What is being asked: Everything in the listing below from the line containing "Reply in this" through the line containing "2) small box from (558, 542) to (632, 609)" must be repeated exactly; the remaining lines are not wanted.

Data supplied:

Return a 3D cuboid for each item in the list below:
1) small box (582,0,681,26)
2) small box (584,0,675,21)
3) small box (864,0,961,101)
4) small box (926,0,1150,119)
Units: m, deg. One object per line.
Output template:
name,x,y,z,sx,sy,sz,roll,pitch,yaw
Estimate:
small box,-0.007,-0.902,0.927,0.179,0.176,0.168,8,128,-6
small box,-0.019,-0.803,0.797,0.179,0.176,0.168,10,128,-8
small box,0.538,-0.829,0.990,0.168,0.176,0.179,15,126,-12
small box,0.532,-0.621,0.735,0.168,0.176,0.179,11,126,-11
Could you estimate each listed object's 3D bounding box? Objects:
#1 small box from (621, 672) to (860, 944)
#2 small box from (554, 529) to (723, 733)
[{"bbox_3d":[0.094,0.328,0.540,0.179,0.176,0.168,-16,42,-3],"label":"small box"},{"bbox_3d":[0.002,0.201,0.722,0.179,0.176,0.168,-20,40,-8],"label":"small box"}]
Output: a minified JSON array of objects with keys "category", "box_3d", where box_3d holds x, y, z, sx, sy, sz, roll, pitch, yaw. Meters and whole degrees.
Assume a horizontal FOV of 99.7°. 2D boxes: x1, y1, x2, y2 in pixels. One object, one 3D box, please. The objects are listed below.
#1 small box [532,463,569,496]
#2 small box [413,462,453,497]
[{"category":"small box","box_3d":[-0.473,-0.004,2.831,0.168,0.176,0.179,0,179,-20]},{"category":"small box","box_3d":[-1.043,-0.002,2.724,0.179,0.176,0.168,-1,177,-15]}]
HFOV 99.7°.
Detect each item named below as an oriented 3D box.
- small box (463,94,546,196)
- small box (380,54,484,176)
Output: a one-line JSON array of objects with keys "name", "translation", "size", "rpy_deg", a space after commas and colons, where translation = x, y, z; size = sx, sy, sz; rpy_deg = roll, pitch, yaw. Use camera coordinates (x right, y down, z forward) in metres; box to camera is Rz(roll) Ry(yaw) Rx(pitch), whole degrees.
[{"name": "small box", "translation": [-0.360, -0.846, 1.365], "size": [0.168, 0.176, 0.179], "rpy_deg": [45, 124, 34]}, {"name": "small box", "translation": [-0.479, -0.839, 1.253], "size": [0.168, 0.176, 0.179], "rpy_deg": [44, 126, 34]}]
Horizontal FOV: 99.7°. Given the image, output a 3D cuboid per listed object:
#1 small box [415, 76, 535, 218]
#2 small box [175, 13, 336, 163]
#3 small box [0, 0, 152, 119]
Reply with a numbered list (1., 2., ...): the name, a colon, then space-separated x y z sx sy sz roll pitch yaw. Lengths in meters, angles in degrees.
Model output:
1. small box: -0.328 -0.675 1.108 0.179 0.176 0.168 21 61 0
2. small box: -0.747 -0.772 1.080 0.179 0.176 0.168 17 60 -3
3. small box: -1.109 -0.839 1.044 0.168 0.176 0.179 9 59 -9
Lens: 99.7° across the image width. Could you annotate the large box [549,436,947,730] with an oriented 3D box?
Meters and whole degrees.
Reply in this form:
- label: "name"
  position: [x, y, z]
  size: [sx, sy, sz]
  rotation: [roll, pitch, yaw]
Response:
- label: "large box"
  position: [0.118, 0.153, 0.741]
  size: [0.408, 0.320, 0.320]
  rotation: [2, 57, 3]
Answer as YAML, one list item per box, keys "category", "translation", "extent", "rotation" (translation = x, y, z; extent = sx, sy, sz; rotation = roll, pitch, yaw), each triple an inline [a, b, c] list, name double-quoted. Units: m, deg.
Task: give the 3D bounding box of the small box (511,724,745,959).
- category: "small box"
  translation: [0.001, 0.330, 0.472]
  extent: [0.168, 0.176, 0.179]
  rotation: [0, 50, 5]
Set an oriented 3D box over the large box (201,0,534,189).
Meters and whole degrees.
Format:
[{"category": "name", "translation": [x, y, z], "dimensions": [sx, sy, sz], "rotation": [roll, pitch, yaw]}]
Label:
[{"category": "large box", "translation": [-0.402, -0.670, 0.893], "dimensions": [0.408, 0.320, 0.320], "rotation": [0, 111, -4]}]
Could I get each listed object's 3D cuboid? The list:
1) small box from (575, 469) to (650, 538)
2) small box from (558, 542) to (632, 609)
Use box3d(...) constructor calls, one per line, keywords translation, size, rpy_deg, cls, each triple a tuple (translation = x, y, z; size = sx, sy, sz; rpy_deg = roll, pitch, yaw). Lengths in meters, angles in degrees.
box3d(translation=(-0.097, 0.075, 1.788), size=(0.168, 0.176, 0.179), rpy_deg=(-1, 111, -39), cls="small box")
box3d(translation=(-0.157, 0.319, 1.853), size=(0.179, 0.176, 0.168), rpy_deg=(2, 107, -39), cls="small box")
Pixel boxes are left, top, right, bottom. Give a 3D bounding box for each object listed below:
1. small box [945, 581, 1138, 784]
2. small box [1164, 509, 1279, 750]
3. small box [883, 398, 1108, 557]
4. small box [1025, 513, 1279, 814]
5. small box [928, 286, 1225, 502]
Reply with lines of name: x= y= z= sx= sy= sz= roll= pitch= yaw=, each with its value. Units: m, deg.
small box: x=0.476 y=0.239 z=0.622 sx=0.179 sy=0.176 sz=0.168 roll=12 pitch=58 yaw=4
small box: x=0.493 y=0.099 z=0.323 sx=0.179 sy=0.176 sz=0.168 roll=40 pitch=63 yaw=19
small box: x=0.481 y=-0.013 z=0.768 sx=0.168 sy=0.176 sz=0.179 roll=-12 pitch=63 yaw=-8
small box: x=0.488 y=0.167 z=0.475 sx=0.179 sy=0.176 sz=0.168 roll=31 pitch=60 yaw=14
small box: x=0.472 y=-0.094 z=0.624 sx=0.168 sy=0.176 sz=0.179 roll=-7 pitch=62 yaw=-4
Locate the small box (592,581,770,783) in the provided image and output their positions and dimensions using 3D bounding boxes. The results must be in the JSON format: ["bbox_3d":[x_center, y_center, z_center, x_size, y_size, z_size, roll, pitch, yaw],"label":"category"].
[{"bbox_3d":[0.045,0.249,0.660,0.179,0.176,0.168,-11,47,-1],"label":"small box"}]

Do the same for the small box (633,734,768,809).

Completed task:
Reply in this form:
- label: "name"
  position: [x, y, z]
  size: [sx, sy, sz]
  rotation: [roll, pitch, yaw]
Response:
- label: "large box"
  position: [0.118, 0.153, 0.741]
  size: [0.408, 0.320, 0.320]
  rotation: [2, 57, 3]
Answer as YAML, one list item per box, keys "category", "translation", "extent", "rotation" (translation = x, y, z; extent = sx, sy, sz; rotation = roll, pitch, yaw), each triple an inline [a, b, c] list, name double-quoted. Units: m, deg.
Task: give the 3D bounding box of the small box (511,724,745,959).
- category: "small box"
  translation: [0.001, 0.330, 0.472]
  extent: [0.168, 0.176, 0.179]
  rotation: [0, 50, 5]
Set an oriented 3D box over the large box (201,0,534,189).
Meters and whole degrees.
Format:
[{"category": "name", "translation": [x, y, z], "dimensions": [sx, sy, sz], "rotation": [roll, pitch, yaw]}]
Label:
[{"category": "large box", "translation": [-0.402, -0.670, 0.893], "dimensions": [0.408, 0.320, 0.320], "rotation": [0, 111, -4]}]
Could I get each listed object's 3D cuboid? The list:
1) small box from (575, 469) to (650, 538)
2) small box from (558, 542) to (632, 609)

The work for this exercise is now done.